The two films have the
following basic plot elements in common:
A bad guy exploits a good guy
who made some mistakes in the past and has a
secret that must remain hidden. The baddie says
that the good guy will "square accounts" if he
agrees to do one last job. The assignment is to
track down the baddie's ex-girlfriend, who took
off with a pile of loot, not before leaving a
near-fatal wound in her former lover. The baddie
swears he will not hurt the woman and doesn't
really care about the money. He just wants her
back. Under those conditions, the good guy, who is
"down on his luck" anyway, agrees to do to the
job.
The good guy finds it hard to
believe that a woman could inspire such feelings
in a hardened criminal until he tracks the dame to
Mexico and takes a gander at her, whereupon he not
only understands why a mug might have to have her
back, but promptly falls in love with her himself.

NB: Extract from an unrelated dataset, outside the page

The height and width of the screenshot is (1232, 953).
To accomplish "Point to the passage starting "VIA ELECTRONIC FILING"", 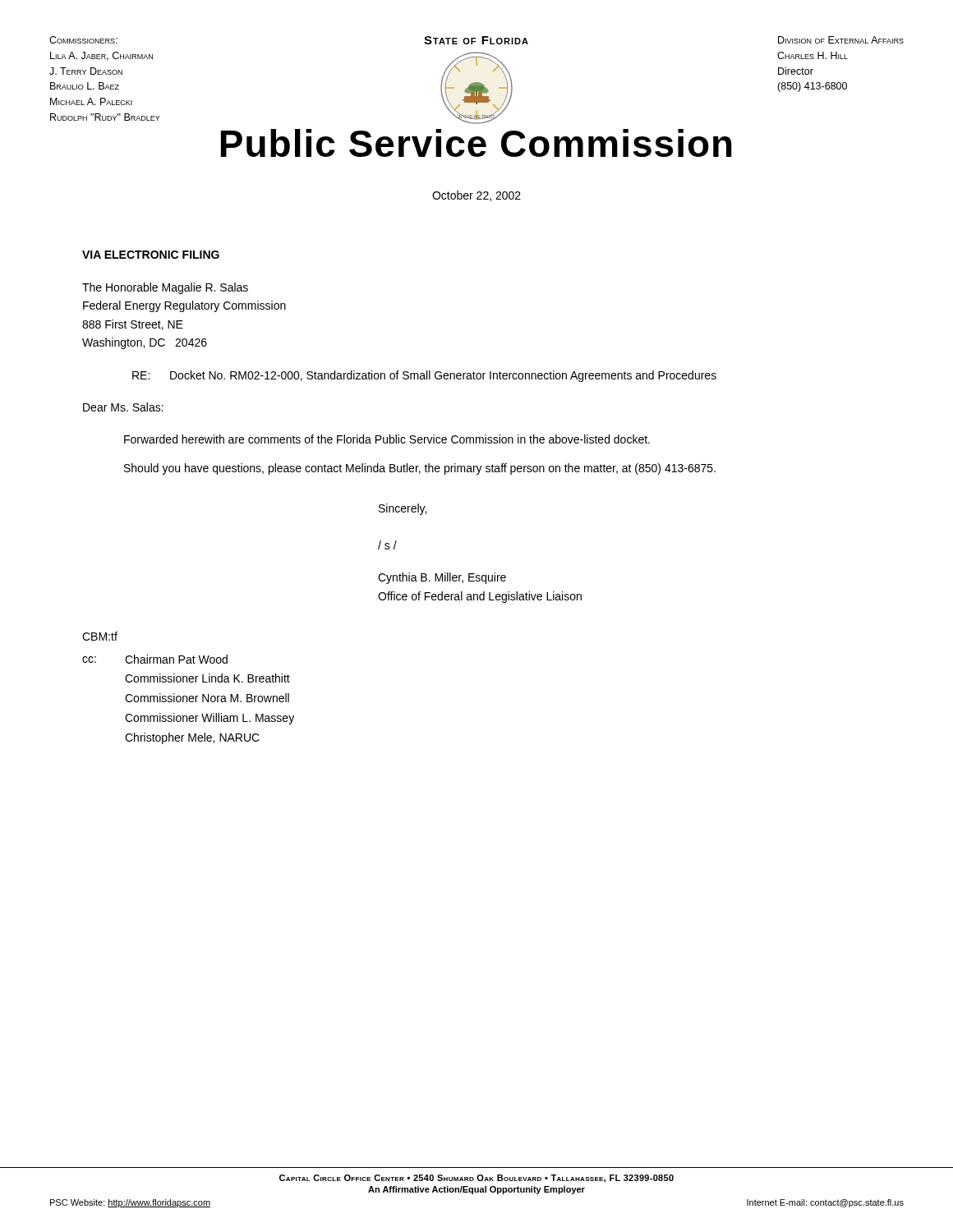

He then proceeds to double-cross the criminal and
joins the girlfriend in her fugitive life.
Needless to say this can't work out well. The
criminal sends another guy after the couple. That
guy ends up dead. Bodies start to pile up, and the
femme fatale always seems to be the one holding
the trigger.
-------------------------
Remakes rarely work out, and
few remakes are less promising than a glitzy
Hollywood reworking of a classic B&W noir. The
project turned out about as expected. The problem
with comparing the two films is that Against All
Odds softened all the hard edges that made Out of
the Past such a fascinating movie to begin with.
* The most important change in
the remake is that the femme fatale has been given
legitimate excuses for her actions. In Out of the
Past, another character says of her, "She can't be
all bad, nobody is." The good guy replies, "Yeah,
that's true, but she comes the closest." That was
basically the entire point of the film. When the
baddie sends another guy to track down the
fugitive couple, the sassy dame whips out her
roscoe and calmly blows the big lug away. Later
on, she blows the baddie away. By the end of the
movie, she has even pumped some hot lead into our
hero. The remake changes her from a cold, scheming
monster into a spoiled rich girl. She still always
seems to be the one pulling the trigger when the
other guys die, but she has a justification which
makes it seem that we, in her stead,
well might do the same. Finally, she does not
shoot our hero at the end. Far from it.
Unlike the calculating self-interest which
dictates all her actions in Out of the Past, the
female lead in Against All Odds shows genuine love
for the good guy, and even shows regard and
compassion for the baddie she once loved. The
femme fatale character in Out of the Past, "the
closest anyone has come to all bad," has been
transformed into a sympathetic character in
Against All Odds, a woman who could not only be
the object of any man's lust, but could be truly
loved as well.
* The tragic denouement has
been eliminated. Out of the Past pulls no punches.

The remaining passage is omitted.